*Dataset records:*
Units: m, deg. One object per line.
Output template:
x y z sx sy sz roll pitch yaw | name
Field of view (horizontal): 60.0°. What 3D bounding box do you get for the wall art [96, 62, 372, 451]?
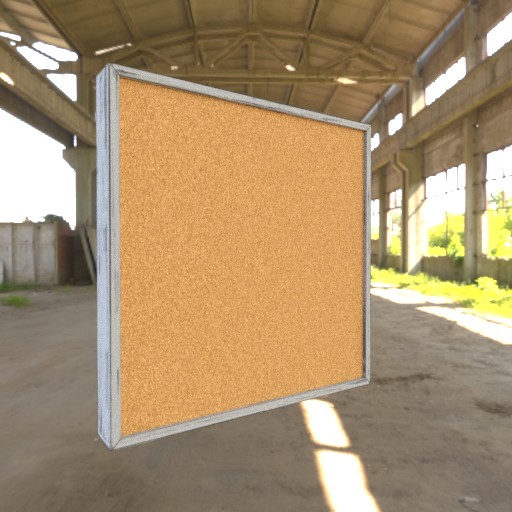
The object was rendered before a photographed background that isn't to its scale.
0.000 0.000 0.447 0.303 0.303 0.036 -1 1 -35 | wall art
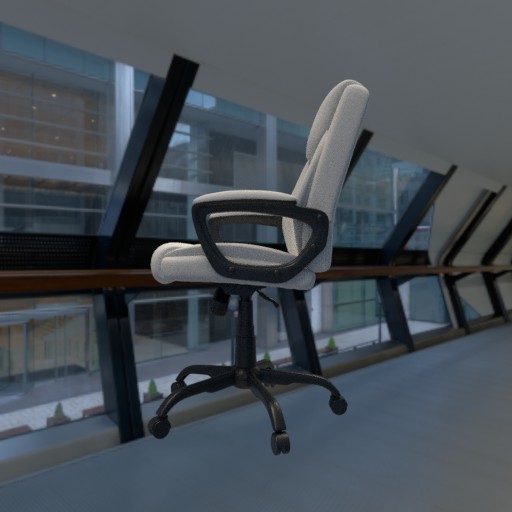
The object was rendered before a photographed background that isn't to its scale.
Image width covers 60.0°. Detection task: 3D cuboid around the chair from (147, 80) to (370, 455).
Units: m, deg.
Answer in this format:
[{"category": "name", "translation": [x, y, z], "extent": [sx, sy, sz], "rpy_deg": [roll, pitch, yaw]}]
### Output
[{"category": "chair", "translation": [0.000, 0.000, 1.491], "extent": [0.669, 1.065, 0.663], "rpy_deg": [0, 0, -1]}]
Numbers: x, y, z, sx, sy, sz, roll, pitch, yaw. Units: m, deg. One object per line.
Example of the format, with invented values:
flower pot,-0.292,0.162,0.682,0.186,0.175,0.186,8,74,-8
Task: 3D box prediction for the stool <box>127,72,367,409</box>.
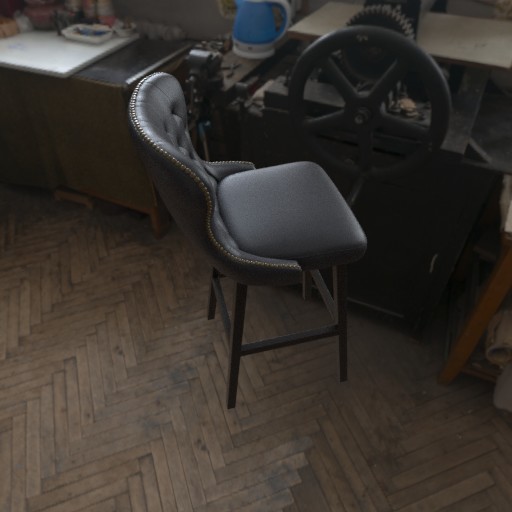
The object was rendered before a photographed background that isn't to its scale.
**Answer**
stool,0.000,0.000,1.406,0.601,1.050,0.528,-10,45,-10
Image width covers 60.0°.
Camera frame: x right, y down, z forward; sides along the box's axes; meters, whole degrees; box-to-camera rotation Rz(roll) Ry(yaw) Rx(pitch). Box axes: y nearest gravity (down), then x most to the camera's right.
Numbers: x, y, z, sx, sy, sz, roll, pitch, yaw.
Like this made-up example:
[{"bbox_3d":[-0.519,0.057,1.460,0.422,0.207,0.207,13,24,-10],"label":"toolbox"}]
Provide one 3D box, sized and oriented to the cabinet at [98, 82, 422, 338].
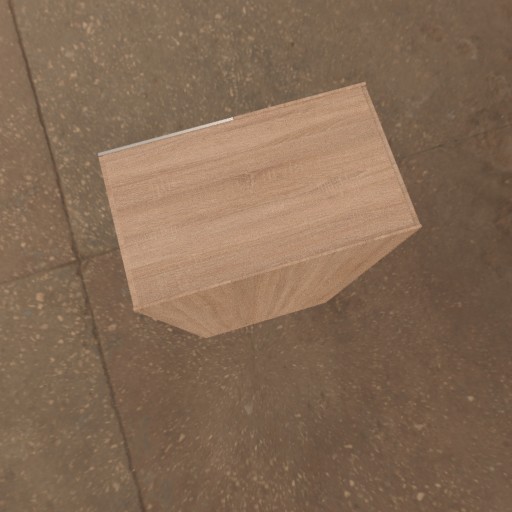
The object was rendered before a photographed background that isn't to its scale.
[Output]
[{"bbox_3d":[0.000,0.000,2.562,1.001,2.121,0.590,-16,78,-4],"label":"cabinet"}]
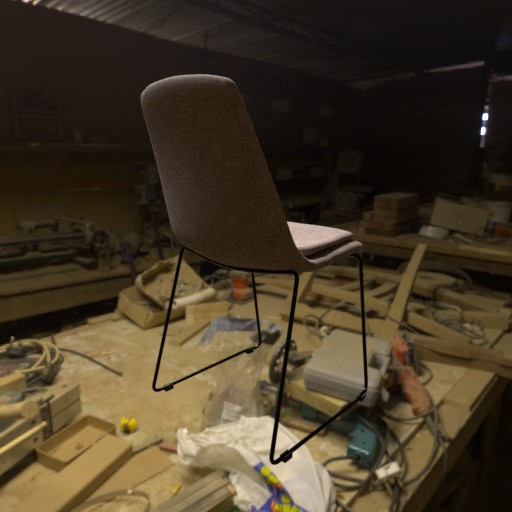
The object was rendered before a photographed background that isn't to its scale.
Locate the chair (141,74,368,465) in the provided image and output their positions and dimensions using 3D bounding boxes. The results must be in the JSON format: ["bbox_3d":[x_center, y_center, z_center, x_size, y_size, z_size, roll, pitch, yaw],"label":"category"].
[{"bbox_3d":[0.000,0.000,1.201,0.479,0.858,0.518,12,18,42],"label":"chair"}]
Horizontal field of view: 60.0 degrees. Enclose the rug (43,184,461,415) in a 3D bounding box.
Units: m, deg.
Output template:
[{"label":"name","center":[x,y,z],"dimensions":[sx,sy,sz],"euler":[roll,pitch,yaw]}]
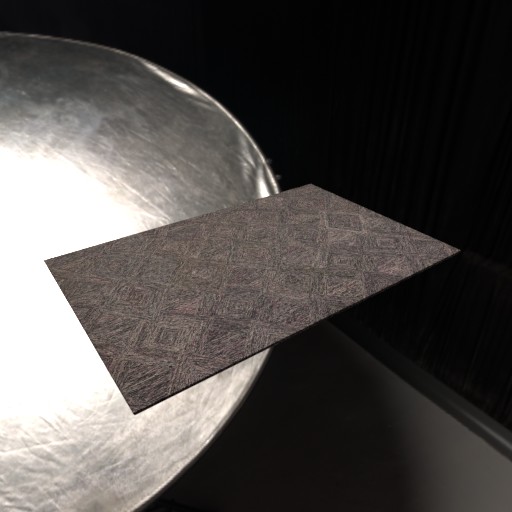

*WHAT YOU SHOULD DO:* For the records above, give every line again exactly and skip the pictures.

*WRITTEN REPLY:*
Units: m, deg. One object per line.
Output template:
x y z sx sy sz roll pitch yaw | name
Field of view (horizontal): 60.0°. What 3D bounding box do you get for the wall art [96, 62, 372, 451]?
The object was rendered before a photographed background that isn't to its scale.
0.000 0.000 0.447 0.303 0.303 0.036 -1 1 -35 | wall art
The object was rendered before a photographed background that isn't to its scale.
Image width covers 60.0°. Detection task: 3D cuboid around the chair from (147, 80) to (370, 455).
Units: m, deg.
Answer in this format:
[{"category": "name", "translation": [x, y, z], "extent": [sx, sy, sz], "rpy_deg": [roll, pitch, yaw]}]
### Output
[{"category": "chair", "translation": [0.000, 0.000, 1.491], "extent": [0.669, 1.065, 0.663], "rpy_deg": [0, 0, -1]}]
Numbers: x, y, z, sx, sy, sz, roll, pitch, yaw. Units: m, deg. One object per line.
Example of the format, with invented values:
flower pot,-0.292,0.162,0.682,0.186,0.175,0.186,8,74,-8
Task: 3D box prediction for the stool <box>127,72,367,409</box>.
The object was rendered before a photographed background that isn't to its scale.
**Answer**
stool,0.000,0.000,1.406,0.601,1.050,0.528,-10,45,-10
Image width covers 60.0°.
Camera frame: x right, y down, z forward; sides along the box's axes; meters, whole degrees; box-to-camera rotation Rz(roll) Ry(yaw) Rx(pitch). Box axes: y nearest gravity (down), then x most to the camera's right.
Numbers: x, y, z, sx, sy, sz, roll, pitch, yaw.
Like this made-up example:
[{"bbox_3d":[-0.519,0.057,1.460,0.422,0.207,0.207,13,24,-10],"label":"toolbox"}]
Provide one 3D box, sized and oriented to the cabinet at [98, 82, 422, 338].
The object was rendered before a photographed background that isn't to its scale.
[Output]
[{"bbox_3d":[0.000,0.000,2.562,1.001,2.121,0.590,-16,78,-4],"label":"cabinet"}]
The object was rendered before a photographed background that isn't to its scale.
Locate the chair (141,74,368,465) in the provided image and output their positions and dimensions using 3D bounding boxes. The results must be in the JSON format: ["bbox_3d":[x_center, y_center, z_center, x_size, y_size, z_size, roll, pitch, yaw],"label":"category"].
[{"bbox_3d":[0.000,0.000,1.201,0.479,0.858,0.518,12,18,42],"label":"chair"}]
Horizontal field of view: 60.0 degrees. Enclose the rug (43,184,461,415) in a 3D bounding box.
Units: m, deg.
Output template:
[{"label":"name","center":[x,y,z],"dimensions":[sx,sy,sz],"euler":[roll,pitch,yaw]}]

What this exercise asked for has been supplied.